EXERCISE. Write out exactly the lines between the line containing "The image size is (924, 1307)." and the end of the records, counting both ends, and leave out all pictures.

[EXTRACTED INFORMATION Boundary: Start]

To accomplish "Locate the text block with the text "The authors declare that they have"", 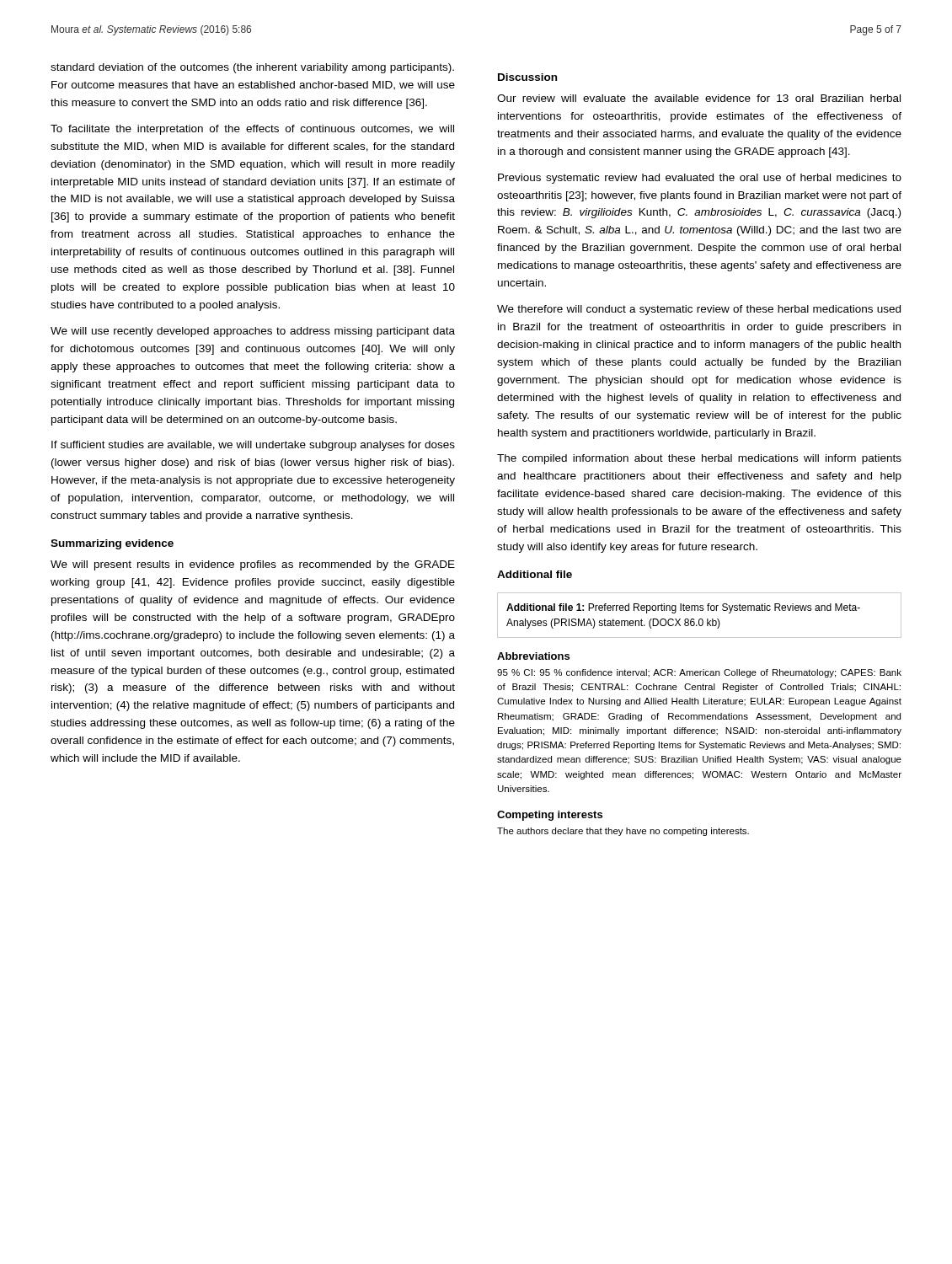I will (699, 832).
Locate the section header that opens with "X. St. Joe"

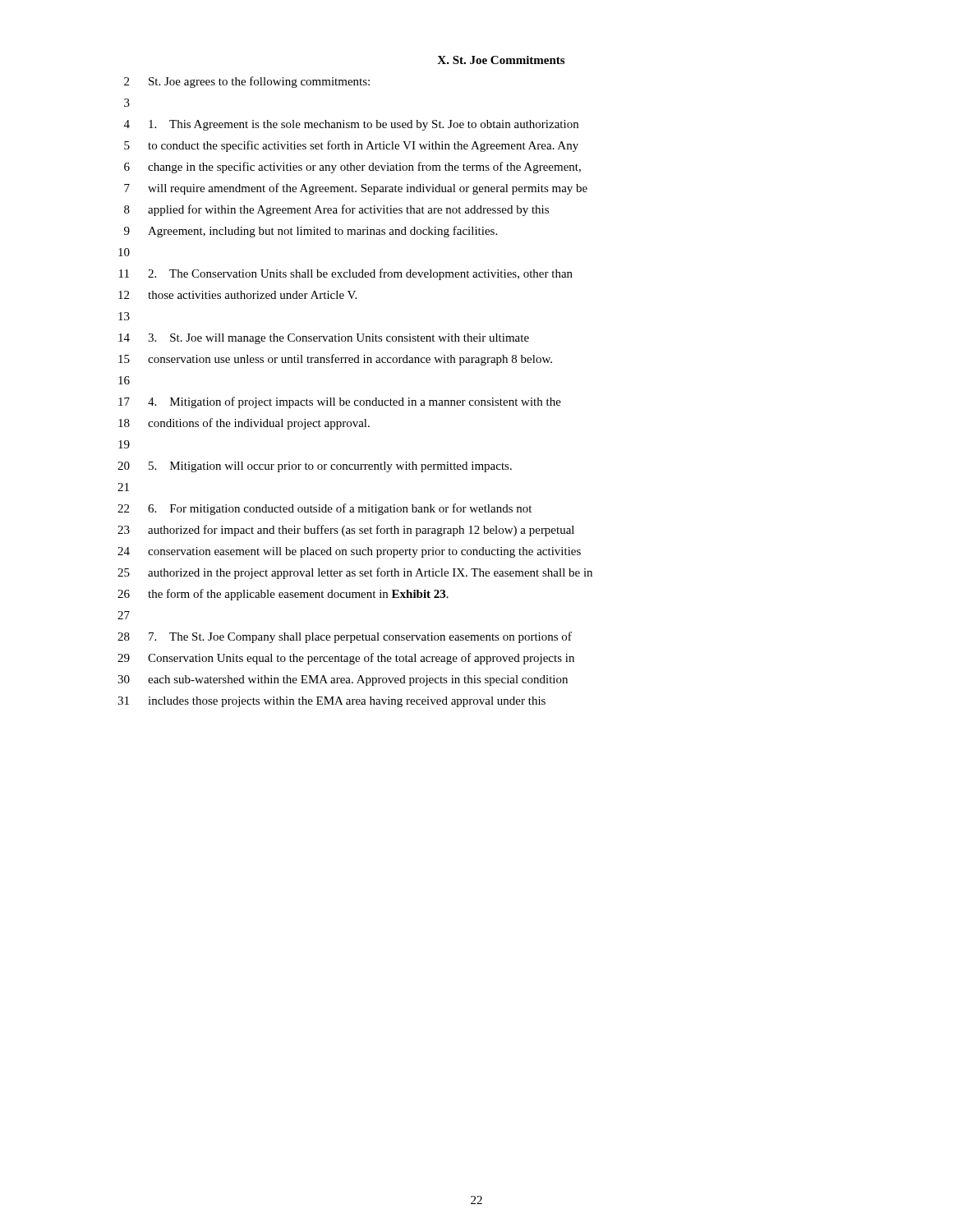[486, 60]
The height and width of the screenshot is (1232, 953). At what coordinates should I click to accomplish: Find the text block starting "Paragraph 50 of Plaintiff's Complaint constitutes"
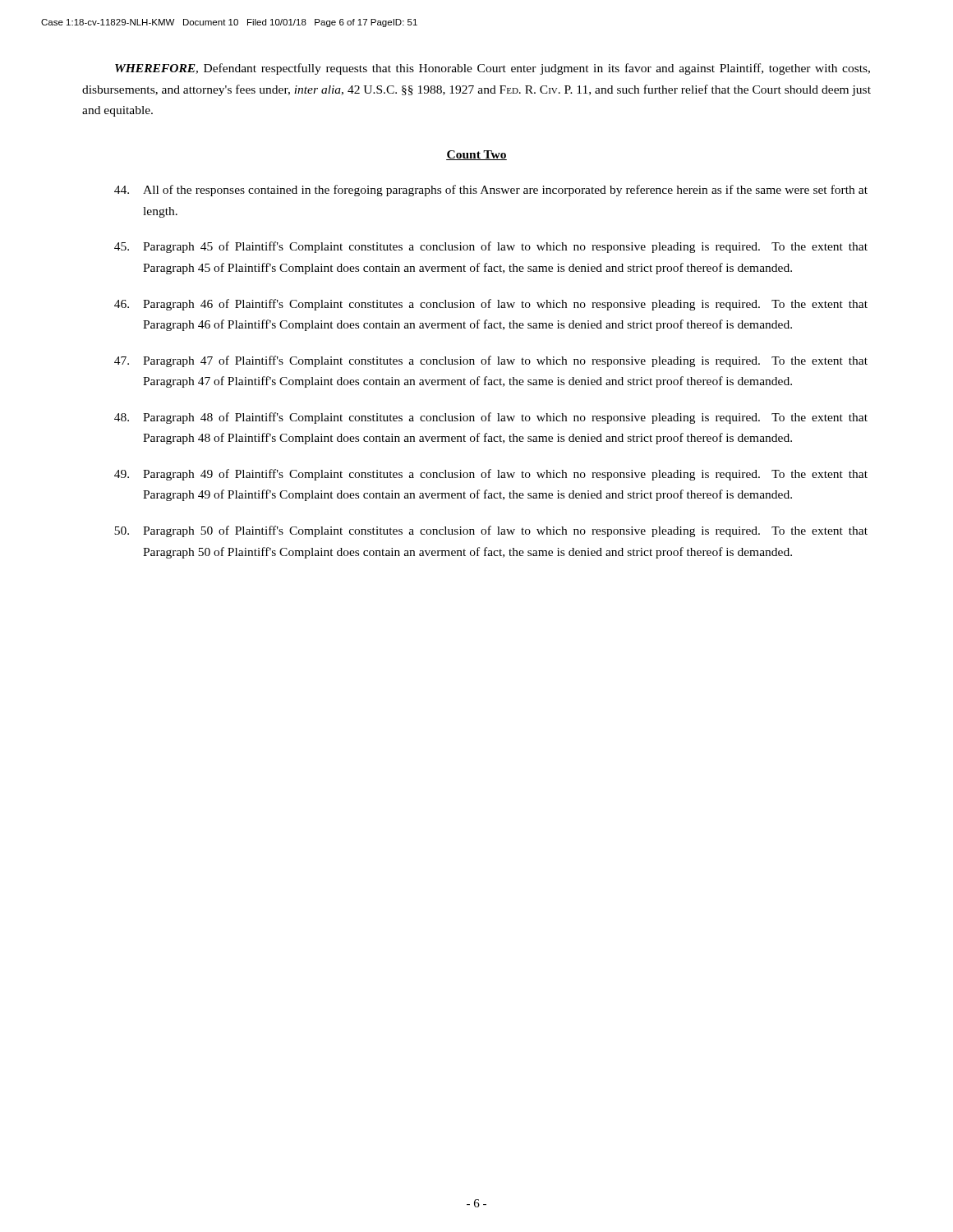coord(475,541)
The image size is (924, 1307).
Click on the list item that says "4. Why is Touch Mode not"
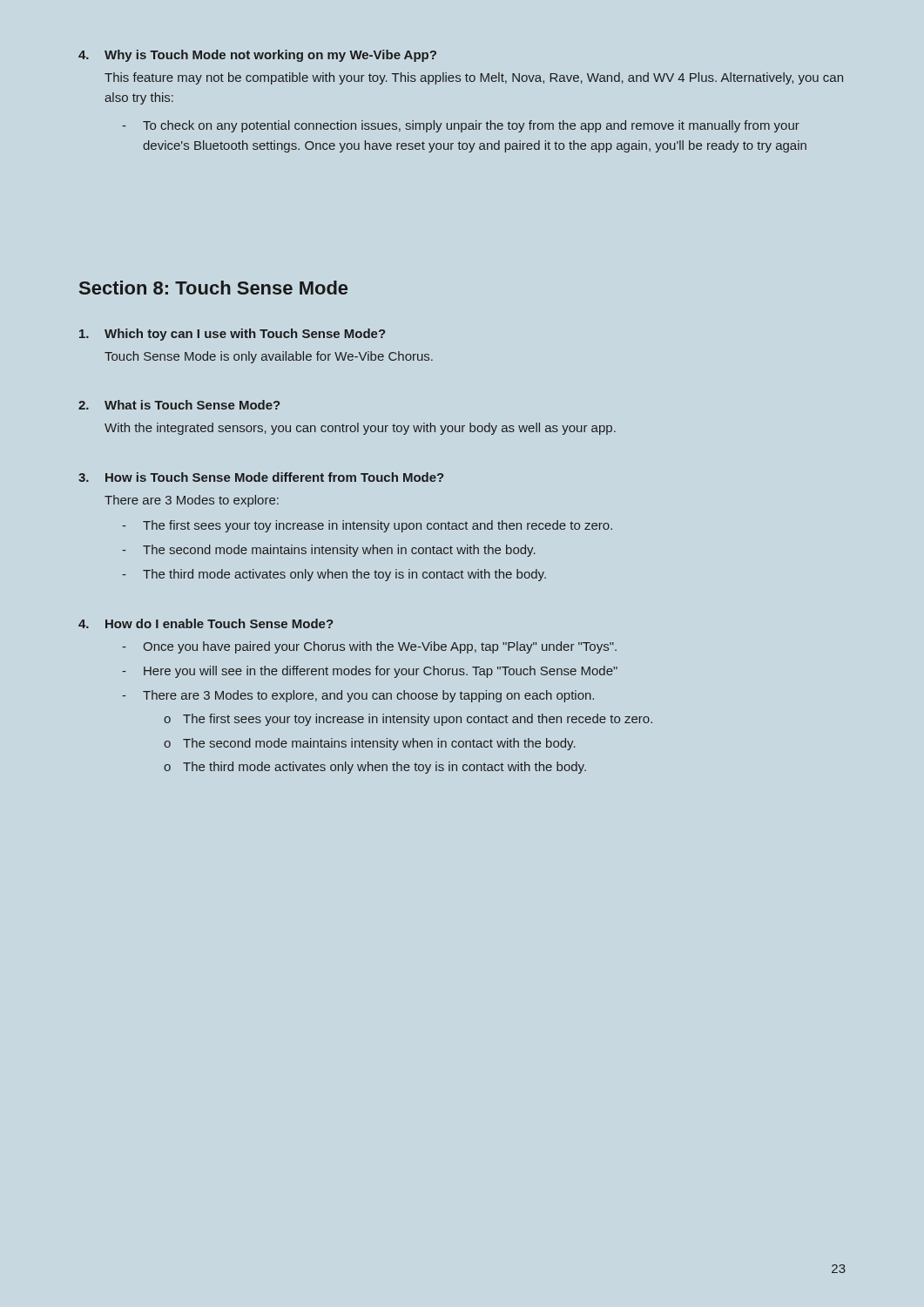click(x=257, y=56)
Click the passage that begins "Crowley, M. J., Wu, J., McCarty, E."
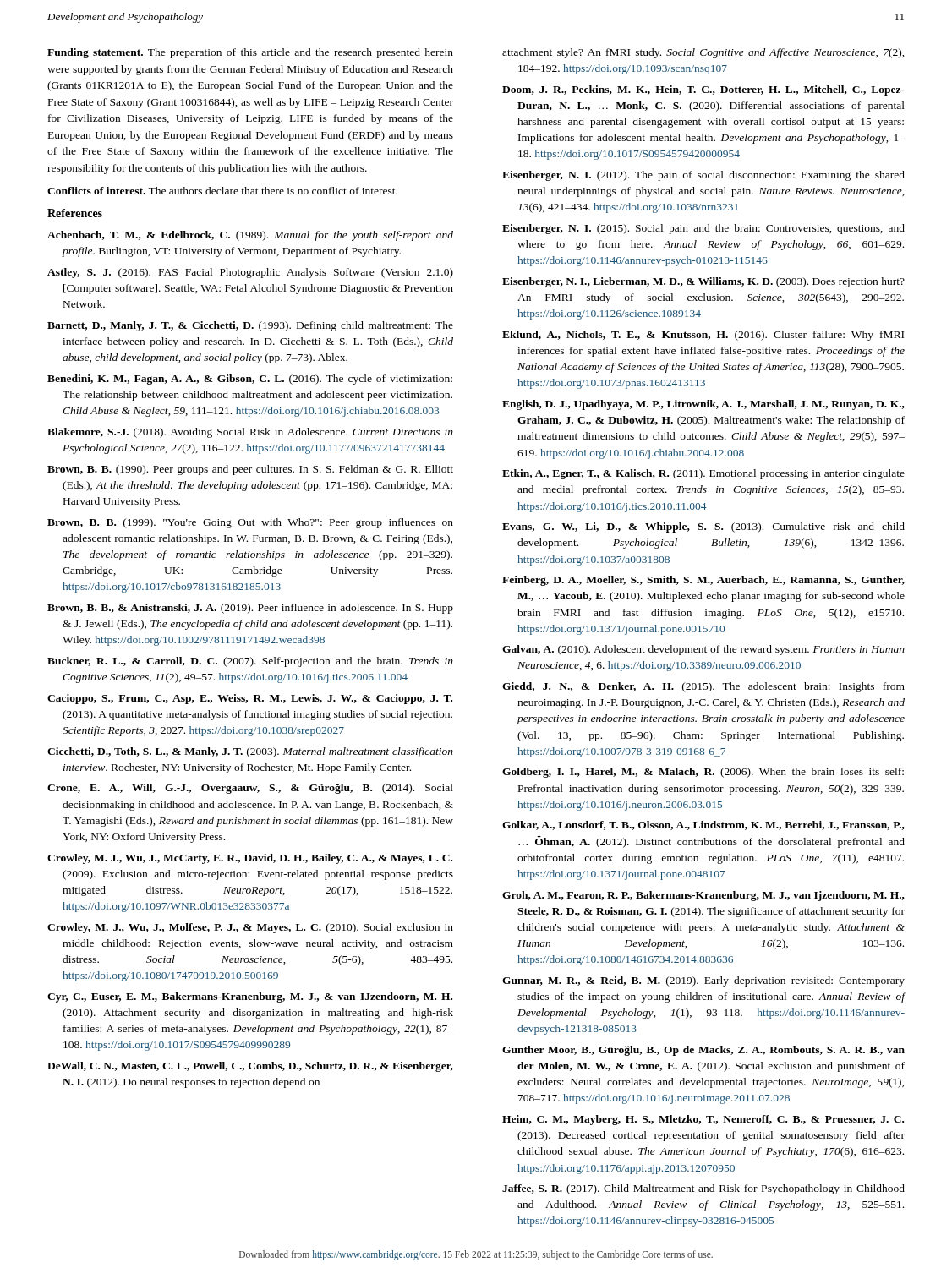 click(x=250, y=881)

[EXTRACTED INFORMATION Boundary: End]

WORKED SOLUTION.
The image size is (924, 1307).
Click on the list item that says "4. Why is Touch Mode not"
click(x=257, y=56)
Click the passage that begins "Crowley, M. J., Wu, J., McCarty, E."
 click(x=250, y=881)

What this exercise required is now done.